8 Days to go!!!!!!!!


----------



## Guest (Nov 5, 2008)

5 Days till the fun beginns...................


----------



## Kovacjr (Jan 2, 2008)

What kind of track will be set up to run? Is this elevated? Any address or website for more info? What scales are out there?


----------



## McGinty26 (Jan 3, 2008)

there will be two loops set up on the floor of the stage. the lengths will be determined by the size of the stage. we will also have scenery. the show is an all scale show.


----------



## Kovacjr (Jan 2, 2008)

Is live steam allowed? Sunday loks like its open for me and I was thinking of going for the ride.


----------



## Guest (Nov 6, 2008)

Jason,
I am trying to find out if live steam is allowed by the show promoter, he is checking with the fire marshall and will get back to me as soon as he hears something, what are you planning on running and what size curves would you need,we also have a 3rd track going down, but these are all a floor displays.
email me off line and we can talk..








Nick..


----------



## McGinty26 (Jan 3, 2008)

Just to let everyone know, i can proudly say we were the hit of the show.
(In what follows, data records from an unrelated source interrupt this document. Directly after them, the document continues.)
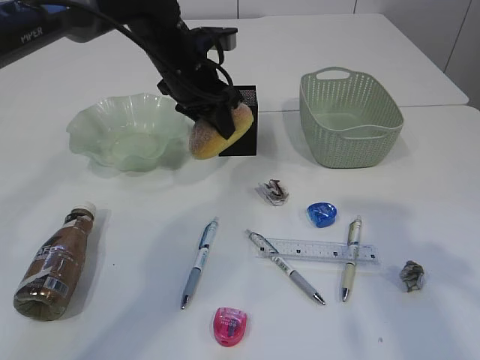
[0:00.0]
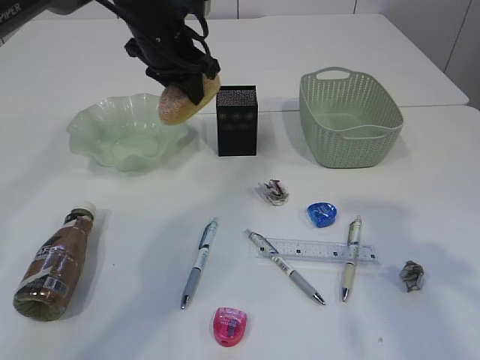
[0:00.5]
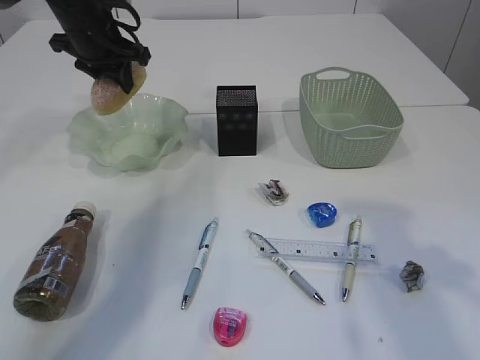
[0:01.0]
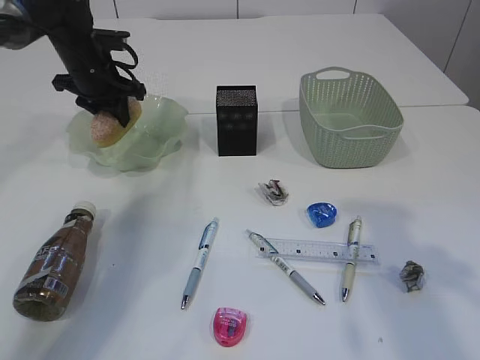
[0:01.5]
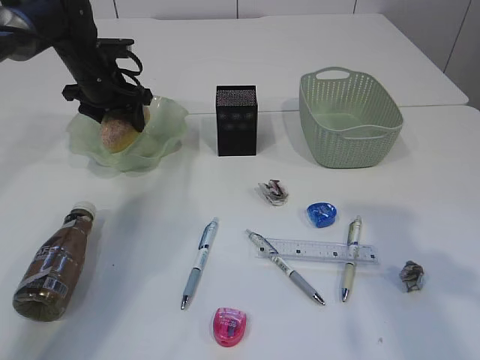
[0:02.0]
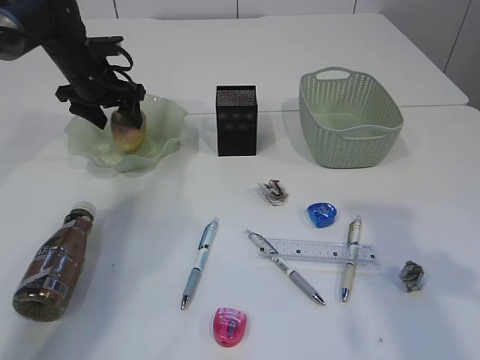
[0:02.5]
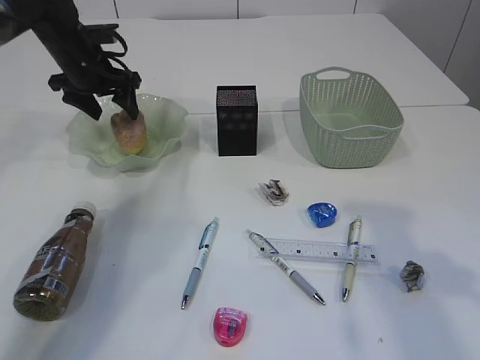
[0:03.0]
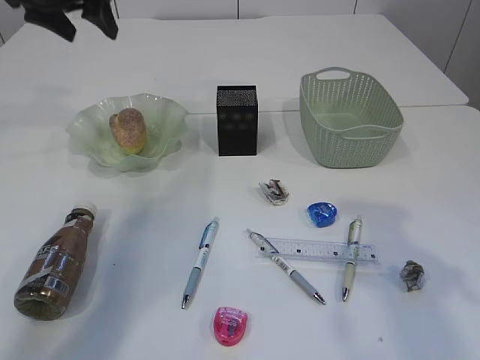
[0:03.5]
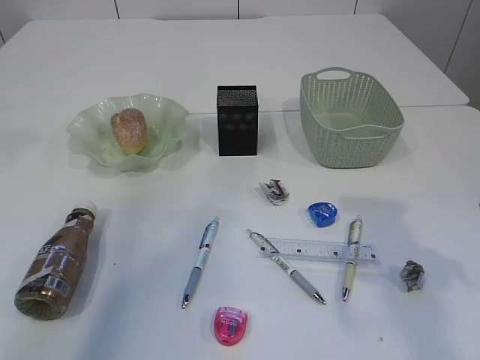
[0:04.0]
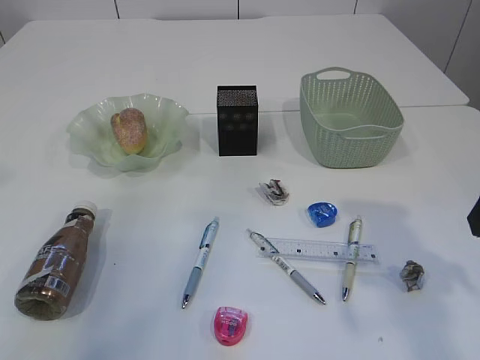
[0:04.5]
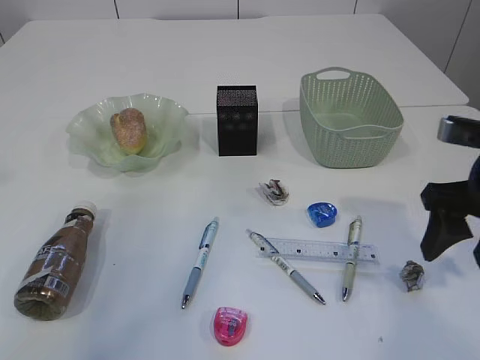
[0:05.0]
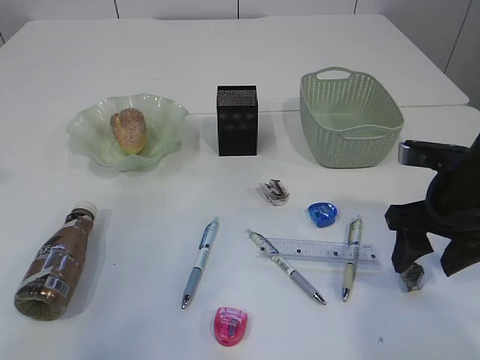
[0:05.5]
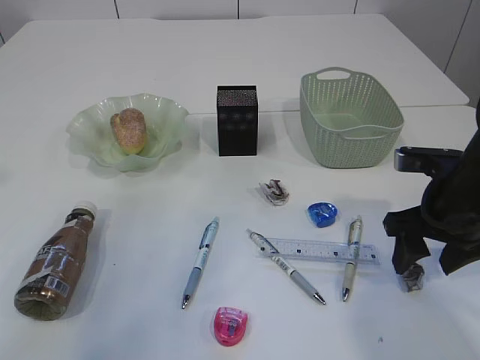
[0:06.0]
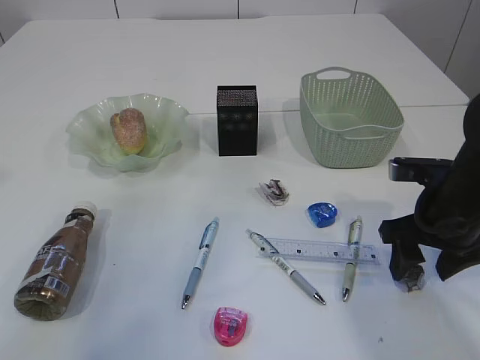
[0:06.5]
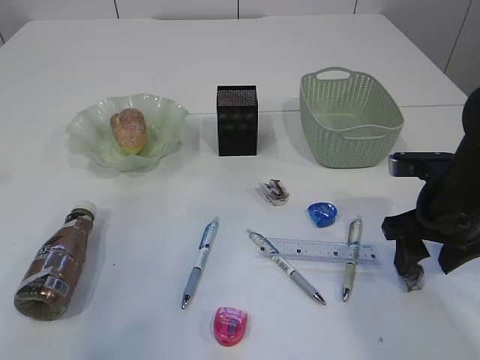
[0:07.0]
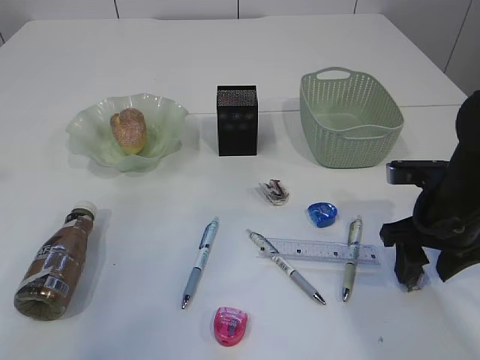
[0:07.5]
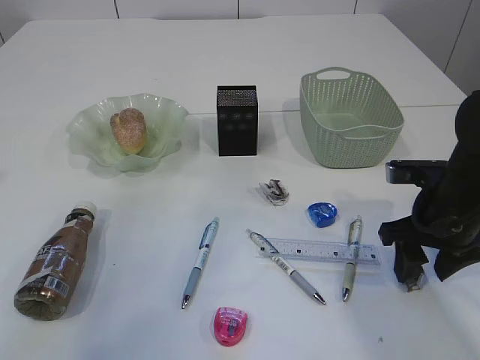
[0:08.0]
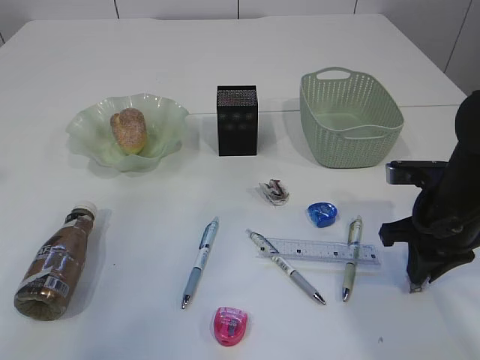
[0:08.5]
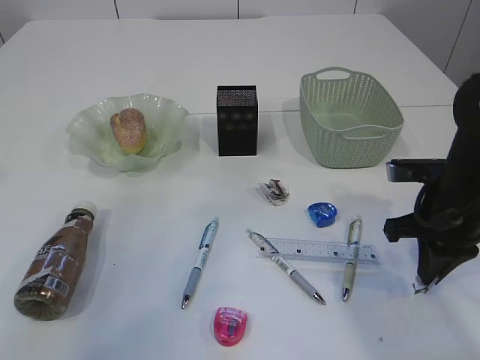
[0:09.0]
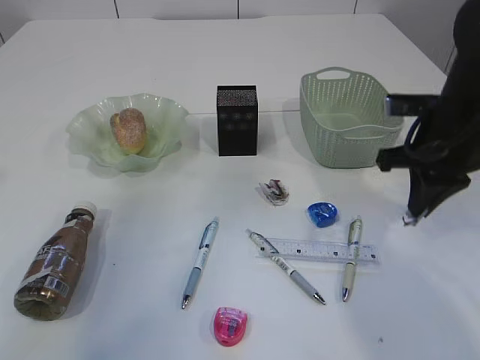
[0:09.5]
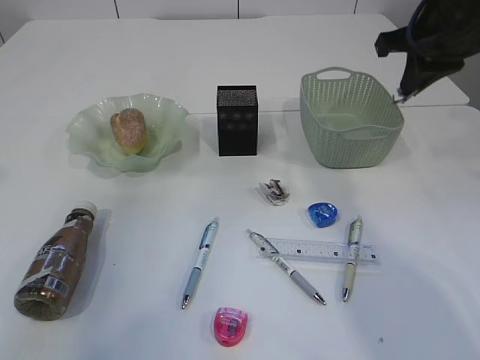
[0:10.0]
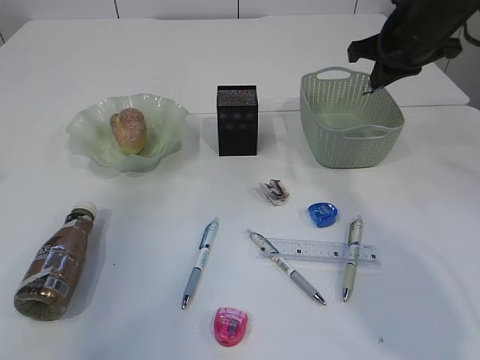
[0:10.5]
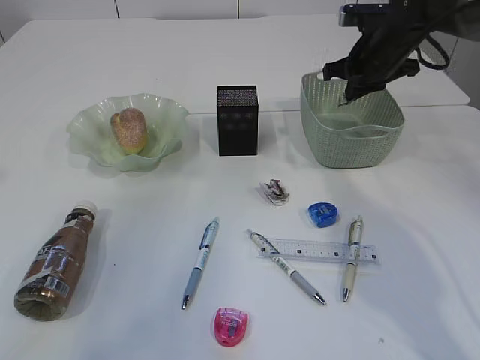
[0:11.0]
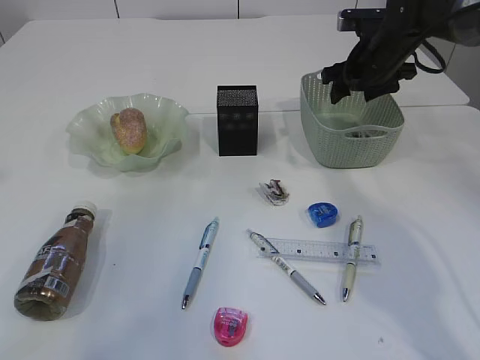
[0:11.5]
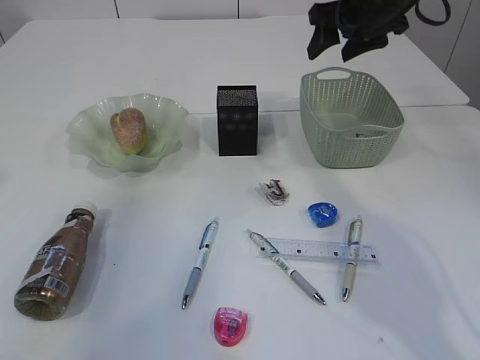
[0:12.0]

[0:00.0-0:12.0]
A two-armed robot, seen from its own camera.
Step, 0:00.5 to 0:03.0: place the bread in the plate.
Step, 0:03.5 to 0:09.0: Pick up the waste paper.
Step, 0:09.5 to 0:11.5: Place the waste paper in the basket.
0:00.0 to 0:02.0: The left gripper moves to the left and forward, approximately 15 cm, and opens.
0:02.0 to 0:04.0: The left gripper is displaced upward and backward by some 30 cm.
0:04.0 to 0:06.0: The right gripper goes about 15 cm downward and forward.
0:06.0 to 0:08.0: There are only small adjustments of the grippers.
0:08.0 to 0:10.0: The right gripper shifts some 20 cm upward and forward, and closes up.
0:10.0 to 0:12.0: The right gripper goes about 10 cm forward, and opens its fingers.

We ended up with three loops going with trains belching smoke and making plenty of noise. Even the smaller scale guys were in awe. There was a vendor selling some LGB and Bachmann starter sets. He said they went fast because people would go up on the stage, see our display and get over to him. Lots of kids of all ages gawked as the trains circled the tracks. We even picked up a new club member that day. All in all, a great day of railroading.

Pat McCarty CEO
Roisin&Owen Railways


----------